AB 663 amends the General Corporation Law and the Corporations Code provisions relating to Nonprofit Public Benefit, Mutual Benefit and Religious Corporations and Cooperative Corporations. It will allow California corporations and the opportunity in non-emergency circumstances to conduct shareholder and member meetings using current technology by permitting remote participation (including telephonic participation), while preserving the ability of shareholders and members to attend a meeting in person if they want to do so by requiring a meeting to be “hybrid” (i.e., also have a physical location), unless all shareholders or members consent to a completely “virtual” meeting.
In the event of an emergency, a corporation may use available technology for conducting shareholder or member meetings solely in a “virtual” venue, without the requirement for unanimous shareholder or member consent, when remote participation is the only realistic means available to the corporation for doing so. In any such situation, a corporation opting for a “hybrid” or “virtual” meeting will be required to provide remotely participating shareholders, proxyholders or members a reasonable opportunity to participate in and vote at the meeting, to record votes taken by remote communication and to verify that persons participating in the meeting are shareholders, proxyholders or members. The definition of an “emergency” has also been expanded, and the board of directors has been provided greater leeway in governing during an emergency. However, the new law does not specifically authorize “virtual” or “hybrid” meetings for board of directors meetings.

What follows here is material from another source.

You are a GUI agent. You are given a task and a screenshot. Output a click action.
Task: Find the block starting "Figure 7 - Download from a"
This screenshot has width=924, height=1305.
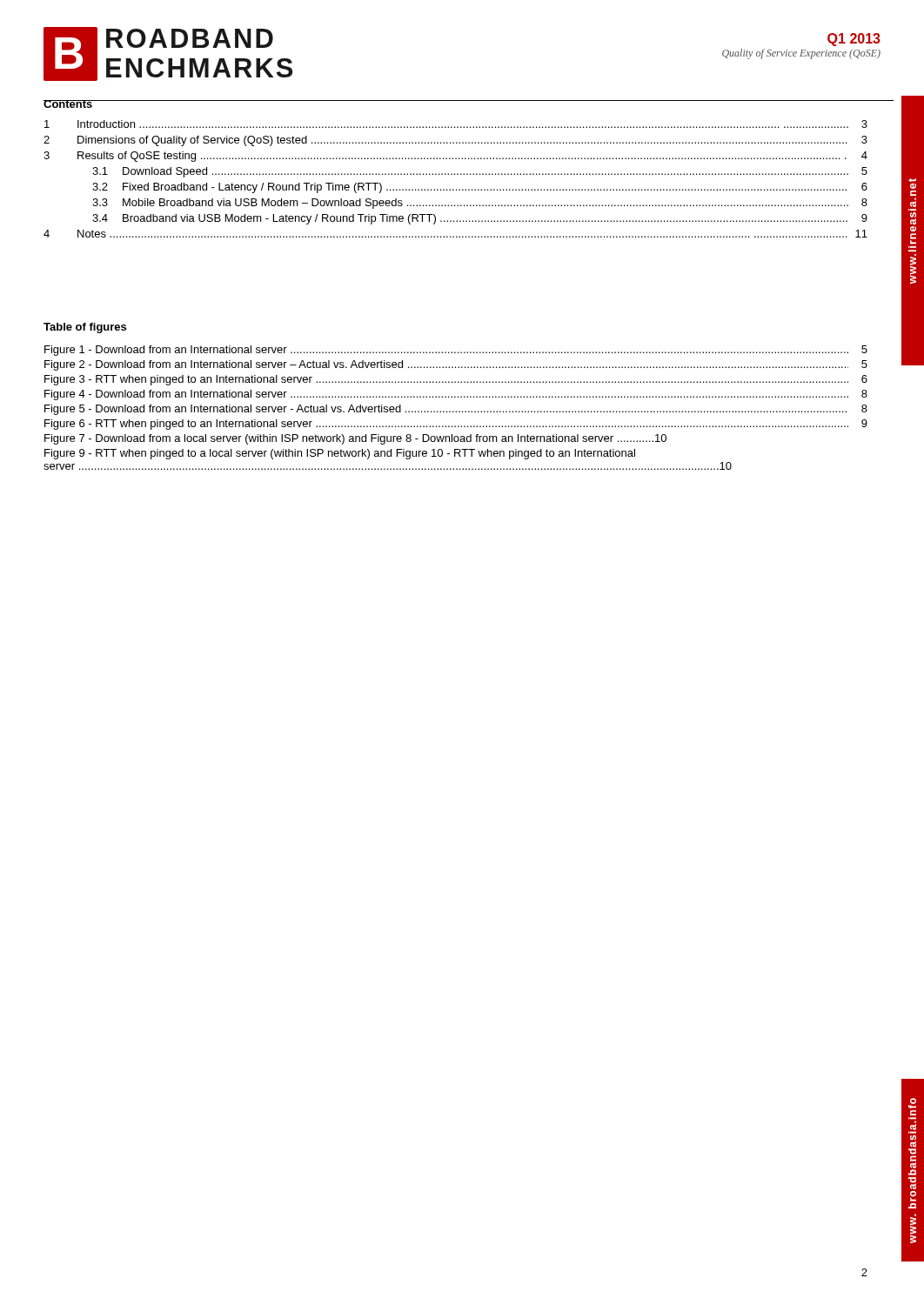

Prior to these changes, corporations who encountered a need to hold remote or partially remote meetings would be required to, for example, circulate written consents to all shareholders or members, in an attempt to authorize the use of a meeting procedure that was not specifically authorized in their Bylaws or the Corporations Code. This change in the law will provide needed flexibility to corporations in both emergency and non-emergency circumstances.
If you have questions or would like further information regarding corporate governance, please do not hesitate to contact us.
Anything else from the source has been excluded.